Orlikowski and Yates edge away from the rigidly sequential understandings of genre sets and genre systems here (although you notice that they return to that conception in 2002). The notion of genre repertoire is developmental and accounts for overlapping as well as sequential communicative actions. But at the same time, genre repertoires emphasize individual and group communicative performances: you perform a genre, but it doesn't perform you. That is, they still reflect an asymmetrical understanding of genre that exclusively deals with communication rather than mediation or (more broadly) distributed cognition. And because of the firm emphasis in communication, particularly communication in repeated enactments across a group, genre repertoires still emphasize the official rather than unofficial genres.

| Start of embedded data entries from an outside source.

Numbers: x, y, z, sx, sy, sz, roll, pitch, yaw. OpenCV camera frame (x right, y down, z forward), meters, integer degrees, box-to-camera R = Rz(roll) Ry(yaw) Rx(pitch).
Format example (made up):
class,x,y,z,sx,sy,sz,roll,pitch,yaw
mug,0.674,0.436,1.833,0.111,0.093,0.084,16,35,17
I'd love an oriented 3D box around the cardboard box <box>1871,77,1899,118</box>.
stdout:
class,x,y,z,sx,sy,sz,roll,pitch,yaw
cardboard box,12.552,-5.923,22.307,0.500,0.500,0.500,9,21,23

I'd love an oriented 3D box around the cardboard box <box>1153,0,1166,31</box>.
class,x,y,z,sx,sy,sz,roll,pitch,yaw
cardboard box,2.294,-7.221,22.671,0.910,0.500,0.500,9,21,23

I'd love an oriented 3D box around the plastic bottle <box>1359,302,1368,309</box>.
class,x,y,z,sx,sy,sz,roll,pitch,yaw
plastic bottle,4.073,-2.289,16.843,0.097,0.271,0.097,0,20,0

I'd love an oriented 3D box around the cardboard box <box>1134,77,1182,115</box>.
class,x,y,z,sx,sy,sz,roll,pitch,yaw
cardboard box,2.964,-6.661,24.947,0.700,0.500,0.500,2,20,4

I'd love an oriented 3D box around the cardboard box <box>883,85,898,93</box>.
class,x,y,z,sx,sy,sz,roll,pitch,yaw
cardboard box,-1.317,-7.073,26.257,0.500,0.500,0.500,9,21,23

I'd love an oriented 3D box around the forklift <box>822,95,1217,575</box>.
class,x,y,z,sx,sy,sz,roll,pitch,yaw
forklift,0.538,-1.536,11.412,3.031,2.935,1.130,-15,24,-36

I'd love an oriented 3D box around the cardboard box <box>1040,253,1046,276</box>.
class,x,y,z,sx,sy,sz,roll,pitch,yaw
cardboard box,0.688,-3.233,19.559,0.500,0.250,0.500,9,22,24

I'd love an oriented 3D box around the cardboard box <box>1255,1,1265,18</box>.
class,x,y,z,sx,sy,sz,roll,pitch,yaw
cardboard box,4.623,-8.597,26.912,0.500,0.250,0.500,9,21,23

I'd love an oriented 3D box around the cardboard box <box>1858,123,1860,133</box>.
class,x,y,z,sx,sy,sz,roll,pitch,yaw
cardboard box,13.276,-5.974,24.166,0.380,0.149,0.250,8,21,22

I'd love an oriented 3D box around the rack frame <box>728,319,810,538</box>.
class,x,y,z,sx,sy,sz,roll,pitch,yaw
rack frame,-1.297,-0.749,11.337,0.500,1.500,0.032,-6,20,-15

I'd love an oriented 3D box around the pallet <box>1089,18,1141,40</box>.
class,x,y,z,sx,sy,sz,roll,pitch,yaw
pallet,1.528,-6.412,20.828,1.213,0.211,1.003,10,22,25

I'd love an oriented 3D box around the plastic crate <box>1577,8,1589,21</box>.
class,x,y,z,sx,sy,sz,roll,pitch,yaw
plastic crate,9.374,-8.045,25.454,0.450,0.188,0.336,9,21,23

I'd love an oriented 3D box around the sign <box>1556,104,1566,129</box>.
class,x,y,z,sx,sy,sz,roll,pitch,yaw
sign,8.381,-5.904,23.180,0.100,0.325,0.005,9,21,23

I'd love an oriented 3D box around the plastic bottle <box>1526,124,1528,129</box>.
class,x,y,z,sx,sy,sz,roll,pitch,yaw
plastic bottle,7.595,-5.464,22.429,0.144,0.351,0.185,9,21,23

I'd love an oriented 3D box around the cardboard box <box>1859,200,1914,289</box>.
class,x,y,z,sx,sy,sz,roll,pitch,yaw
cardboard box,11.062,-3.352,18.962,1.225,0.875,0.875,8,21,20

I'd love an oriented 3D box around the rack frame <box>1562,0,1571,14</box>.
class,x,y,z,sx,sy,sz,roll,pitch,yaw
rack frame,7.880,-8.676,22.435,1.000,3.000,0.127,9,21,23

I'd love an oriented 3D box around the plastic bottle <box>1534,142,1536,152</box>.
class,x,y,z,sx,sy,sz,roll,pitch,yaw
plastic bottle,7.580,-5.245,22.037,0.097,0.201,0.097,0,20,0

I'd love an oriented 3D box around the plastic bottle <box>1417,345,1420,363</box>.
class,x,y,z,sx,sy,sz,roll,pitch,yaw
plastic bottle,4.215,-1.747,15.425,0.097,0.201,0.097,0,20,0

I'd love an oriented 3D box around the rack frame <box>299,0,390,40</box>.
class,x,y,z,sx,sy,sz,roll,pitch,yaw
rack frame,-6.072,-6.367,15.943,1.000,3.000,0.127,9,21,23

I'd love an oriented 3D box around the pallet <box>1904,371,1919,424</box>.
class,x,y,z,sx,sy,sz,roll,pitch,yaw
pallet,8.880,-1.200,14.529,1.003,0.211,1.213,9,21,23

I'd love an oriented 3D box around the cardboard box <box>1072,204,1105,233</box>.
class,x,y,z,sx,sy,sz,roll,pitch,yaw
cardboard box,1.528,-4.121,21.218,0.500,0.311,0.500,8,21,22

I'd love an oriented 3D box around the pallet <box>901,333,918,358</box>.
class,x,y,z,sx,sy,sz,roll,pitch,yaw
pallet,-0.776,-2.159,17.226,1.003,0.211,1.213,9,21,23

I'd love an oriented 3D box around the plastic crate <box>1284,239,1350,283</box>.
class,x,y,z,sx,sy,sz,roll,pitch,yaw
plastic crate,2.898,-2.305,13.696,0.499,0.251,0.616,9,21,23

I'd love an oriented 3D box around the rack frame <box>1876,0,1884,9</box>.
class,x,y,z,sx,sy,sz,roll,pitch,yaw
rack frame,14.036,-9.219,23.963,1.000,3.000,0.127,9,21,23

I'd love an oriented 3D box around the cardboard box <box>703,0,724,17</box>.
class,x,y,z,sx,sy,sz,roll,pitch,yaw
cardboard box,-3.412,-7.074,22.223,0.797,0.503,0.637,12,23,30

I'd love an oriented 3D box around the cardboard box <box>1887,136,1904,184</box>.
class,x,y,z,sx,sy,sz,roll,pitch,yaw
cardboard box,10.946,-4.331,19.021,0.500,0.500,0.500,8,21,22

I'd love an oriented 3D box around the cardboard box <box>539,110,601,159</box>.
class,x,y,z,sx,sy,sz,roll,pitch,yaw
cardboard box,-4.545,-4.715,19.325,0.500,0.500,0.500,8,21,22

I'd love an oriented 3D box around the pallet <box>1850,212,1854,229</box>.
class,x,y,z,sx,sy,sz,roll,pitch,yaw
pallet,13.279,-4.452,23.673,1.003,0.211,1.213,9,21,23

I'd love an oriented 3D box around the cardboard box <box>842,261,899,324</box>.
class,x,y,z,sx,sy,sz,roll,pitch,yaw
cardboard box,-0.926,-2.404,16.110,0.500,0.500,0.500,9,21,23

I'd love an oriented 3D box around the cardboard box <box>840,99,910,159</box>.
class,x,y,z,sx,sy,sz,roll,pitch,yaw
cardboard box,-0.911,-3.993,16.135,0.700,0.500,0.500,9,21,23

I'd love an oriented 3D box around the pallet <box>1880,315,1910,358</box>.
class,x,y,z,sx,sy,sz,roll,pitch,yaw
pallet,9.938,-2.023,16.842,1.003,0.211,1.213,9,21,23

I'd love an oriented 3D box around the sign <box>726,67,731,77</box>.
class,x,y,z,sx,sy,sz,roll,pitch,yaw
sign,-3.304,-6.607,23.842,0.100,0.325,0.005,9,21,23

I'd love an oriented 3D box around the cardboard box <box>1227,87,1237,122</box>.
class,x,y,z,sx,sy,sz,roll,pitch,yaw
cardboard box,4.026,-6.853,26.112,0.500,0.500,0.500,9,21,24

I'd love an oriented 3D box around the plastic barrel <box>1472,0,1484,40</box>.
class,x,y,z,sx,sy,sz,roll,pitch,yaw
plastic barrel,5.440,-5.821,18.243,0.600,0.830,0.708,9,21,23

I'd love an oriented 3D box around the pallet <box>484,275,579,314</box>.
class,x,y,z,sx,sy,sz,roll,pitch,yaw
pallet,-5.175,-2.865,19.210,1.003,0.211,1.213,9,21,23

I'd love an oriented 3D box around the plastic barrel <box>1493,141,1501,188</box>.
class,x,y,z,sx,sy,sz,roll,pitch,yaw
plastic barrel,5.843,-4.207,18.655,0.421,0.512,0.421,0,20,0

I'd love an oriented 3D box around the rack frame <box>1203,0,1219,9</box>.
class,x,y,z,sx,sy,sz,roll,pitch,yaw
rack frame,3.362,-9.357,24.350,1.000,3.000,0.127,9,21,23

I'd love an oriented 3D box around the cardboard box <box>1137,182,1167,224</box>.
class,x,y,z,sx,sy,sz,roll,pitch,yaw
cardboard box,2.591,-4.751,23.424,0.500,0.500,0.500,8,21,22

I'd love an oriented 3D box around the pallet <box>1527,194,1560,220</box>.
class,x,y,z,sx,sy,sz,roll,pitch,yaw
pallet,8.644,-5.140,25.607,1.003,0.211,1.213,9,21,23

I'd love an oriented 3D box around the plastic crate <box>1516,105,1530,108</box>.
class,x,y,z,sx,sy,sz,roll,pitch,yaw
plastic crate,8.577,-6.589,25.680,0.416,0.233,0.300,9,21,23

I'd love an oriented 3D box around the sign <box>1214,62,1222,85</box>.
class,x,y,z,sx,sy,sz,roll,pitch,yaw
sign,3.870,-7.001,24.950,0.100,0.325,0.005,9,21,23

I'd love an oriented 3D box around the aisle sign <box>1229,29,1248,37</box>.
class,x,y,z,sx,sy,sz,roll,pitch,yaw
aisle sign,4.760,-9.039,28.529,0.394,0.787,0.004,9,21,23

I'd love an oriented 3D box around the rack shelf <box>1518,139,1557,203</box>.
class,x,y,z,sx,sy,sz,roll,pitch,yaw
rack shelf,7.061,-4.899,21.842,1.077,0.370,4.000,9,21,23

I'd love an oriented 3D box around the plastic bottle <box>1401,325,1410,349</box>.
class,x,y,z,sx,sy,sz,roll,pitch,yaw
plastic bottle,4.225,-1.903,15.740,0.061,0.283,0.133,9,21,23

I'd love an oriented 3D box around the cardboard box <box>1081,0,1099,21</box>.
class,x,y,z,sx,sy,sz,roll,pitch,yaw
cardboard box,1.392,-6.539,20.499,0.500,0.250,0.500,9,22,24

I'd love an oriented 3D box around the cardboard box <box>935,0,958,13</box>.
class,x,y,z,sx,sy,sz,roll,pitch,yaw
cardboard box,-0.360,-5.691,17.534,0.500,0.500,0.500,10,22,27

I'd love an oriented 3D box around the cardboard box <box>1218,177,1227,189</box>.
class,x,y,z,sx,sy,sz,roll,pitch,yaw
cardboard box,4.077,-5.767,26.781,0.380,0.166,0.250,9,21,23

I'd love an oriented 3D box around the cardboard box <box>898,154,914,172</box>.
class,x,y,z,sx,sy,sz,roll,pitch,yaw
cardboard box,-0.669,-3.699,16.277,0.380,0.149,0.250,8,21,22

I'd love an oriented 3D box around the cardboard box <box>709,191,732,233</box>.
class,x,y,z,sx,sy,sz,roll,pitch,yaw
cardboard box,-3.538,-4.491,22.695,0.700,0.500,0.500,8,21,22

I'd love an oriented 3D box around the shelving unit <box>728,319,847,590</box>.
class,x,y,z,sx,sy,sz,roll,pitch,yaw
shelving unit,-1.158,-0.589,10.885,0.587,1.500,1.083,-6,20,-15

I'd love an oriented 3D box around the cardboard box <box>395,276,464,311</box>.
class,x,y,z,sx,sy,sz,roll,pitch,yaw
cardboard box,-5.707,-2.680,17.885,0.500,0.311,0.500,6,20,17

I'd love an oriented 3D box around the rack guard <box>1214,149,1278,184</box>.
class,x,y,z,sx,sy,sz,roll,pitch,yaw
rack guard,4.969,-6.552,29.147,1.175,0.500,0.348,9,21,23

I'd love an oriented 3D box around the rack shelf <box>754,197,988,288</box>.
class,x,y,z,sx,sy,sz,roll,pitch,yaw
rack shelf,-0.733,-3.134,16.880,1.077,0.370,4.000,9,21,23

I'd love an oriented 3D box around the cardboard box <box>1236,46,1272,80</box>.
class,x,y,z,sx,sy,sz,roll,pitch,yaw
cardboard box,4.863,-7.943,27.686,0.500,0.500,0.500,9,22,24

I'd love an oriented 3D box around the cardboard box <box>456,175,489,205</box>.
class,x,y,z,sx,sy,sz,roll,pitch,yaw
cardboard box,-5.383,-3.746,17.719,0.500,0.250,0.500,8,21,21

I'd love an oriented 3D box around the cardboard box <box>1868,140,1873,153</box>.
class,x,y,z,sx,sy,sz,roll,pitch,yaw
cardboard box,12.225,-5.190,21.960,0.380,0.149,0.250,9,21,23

Looking at these frameworks has helped me to clarify some of the things I've been trying to do with genre ecologies. I find Orlikowski and Yates' distinction between overlapping and sequencing to be useful, though oversimplified. My genre ecology work has tended to emphasize the overlapping aspect. It has also emphasized mediation rather than communication -- and in doing so, has explored unofficial and idiosyncratic genre use more thoroughly than has been typically done in these other frameworks. At this point I won't go into the articles on genre ecologies that Mark Zachry and I have written, nor the related concept under the same name that Freedman and Smart wrote about in 1997. But in their emphasis on compound mediation, genre ecologies deal with a quite different phenomenon than do genre sets, systems, and repertoires: they deal with activity, whether individual or group. Any person or group can make connections and build assemblages (or ecologies) of heterogeneous genres to mediate their own or others' activities. Notice how communication drops out here, at least as a separate category, because mediation includes influence over one's community as well as oneself. This is an interesting but terribly underdeveloped point, and one that I'll have to think about for a while.